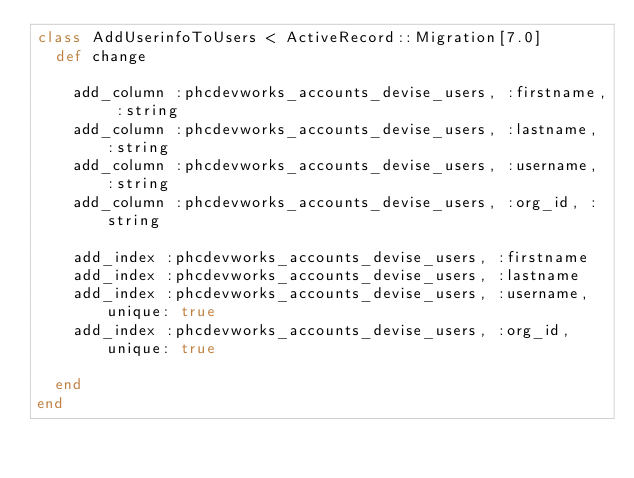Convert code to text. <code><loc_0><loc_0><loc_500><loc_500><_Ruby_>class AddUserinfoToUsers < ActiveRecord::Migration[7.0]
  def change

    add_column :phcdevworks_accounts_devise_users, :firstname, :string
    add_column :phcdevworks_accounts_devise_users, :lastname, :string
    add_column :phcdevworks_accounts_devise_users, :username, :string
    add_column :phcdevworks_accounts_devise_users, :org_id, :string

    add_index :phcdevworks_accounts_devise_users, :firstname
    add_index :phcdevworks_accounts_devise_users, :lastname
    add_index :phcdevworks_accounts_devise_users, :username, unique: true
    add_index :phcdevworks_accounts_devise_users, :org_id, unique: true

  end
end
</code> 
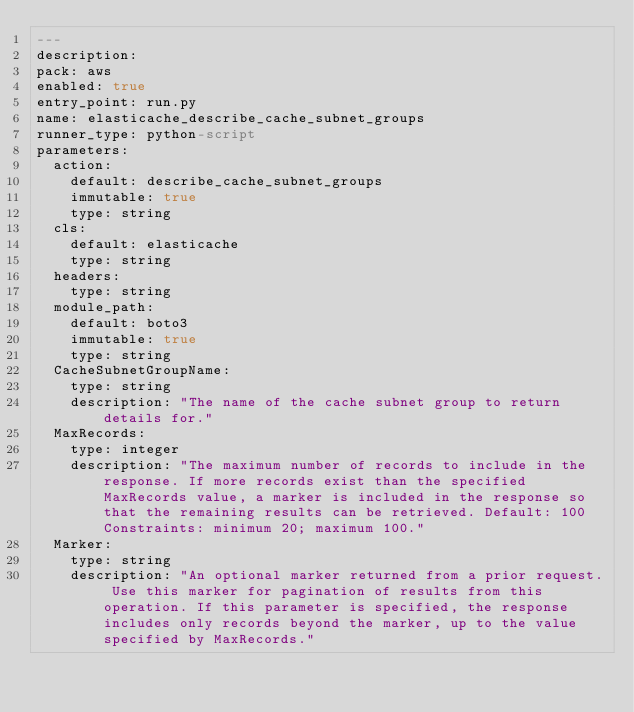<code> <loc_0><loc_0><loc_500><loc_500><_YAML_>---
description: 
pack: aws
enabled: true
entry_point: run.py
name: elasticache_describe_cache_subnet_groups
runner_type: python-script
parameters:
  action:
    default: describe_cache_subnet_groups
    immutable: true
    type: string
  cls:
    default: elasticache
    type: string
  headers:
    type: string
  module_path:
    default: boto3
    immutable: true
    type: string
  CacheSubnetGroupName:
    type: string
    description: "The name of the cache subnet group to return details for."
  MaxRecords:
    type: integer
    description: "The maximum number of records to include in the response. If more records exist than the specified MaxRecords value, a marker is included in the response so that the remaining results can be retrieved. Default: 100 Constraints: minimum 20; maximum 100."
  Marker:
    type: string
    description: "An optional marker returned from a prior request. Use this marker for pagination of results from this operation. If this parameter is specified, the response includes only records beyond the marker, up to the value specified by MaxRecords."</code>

--------------------------------

* WHAT THE TASK REQUIRES: Repeat each line of the records exactly, dropping the pictures.

* RESULT FOR THIS EXERCISE:
Convert code to text. <code><loc_0><loc_0><loc_500><loc_500><_Ruby_>class AddUserinfoToUsers < ActiveRecord::Migration[7.0]
  def change

    add_column :phcdevworks_accounts_devise_users, :firstname, :string
    add_column :phcdevworks_accounts_devise_users, :lastname, :string
    add_column :phcdevworks_accounts_devise_users, :username, :string
    add_column :phcdevworks_accounts_devise_users, :org_id, :string

    add_index :phcdevworks_accounts_devise_users, :firstname
    add_index :phcdevworks_accounts_devise_users, :lastname
    add_index :phcdevworks_accounts_devise_users, :username, unique: true
    add_index :phcdevworks_accounts_devise_users, :org_id, unique: true

  end
end
</code> 
<code> <loc_0><loc_0><loc_500><loc_500><_YAML_>---
description: 
pack: aws
enabled: true
entry_point: run.py
name: elasticache_describe_cache_subnet_groups
runner_type: python-script
parameters:
  action:
    default: describe_cache_subnet_groups
    immutable: true
    type: string
  cls:
    default: elasticache
    type: string
  headers:
    type: string
  module_path:
    default: boto3
    immutable: true
    type: string
  CacheSubnetGroupName:
    type: string
    description: "The name of the cache subnet group to return details for."
  MaxRecords:
    type: integer
    description: "The maximum number of records to include in the response. If more records exist than the specified MaxRecords value, a marker is included in the response so that the remaining results can be retrieved. Default: 100 Constraints: minimum 20; maximum 100."
  Marker:
    type: string
    description: "An optional marker returned from a prior request. Use this marker for pagination of results from this operation. If this parameter is specified, the response includes only records beyond the marker, up to the value specified by MaxRecords."</code>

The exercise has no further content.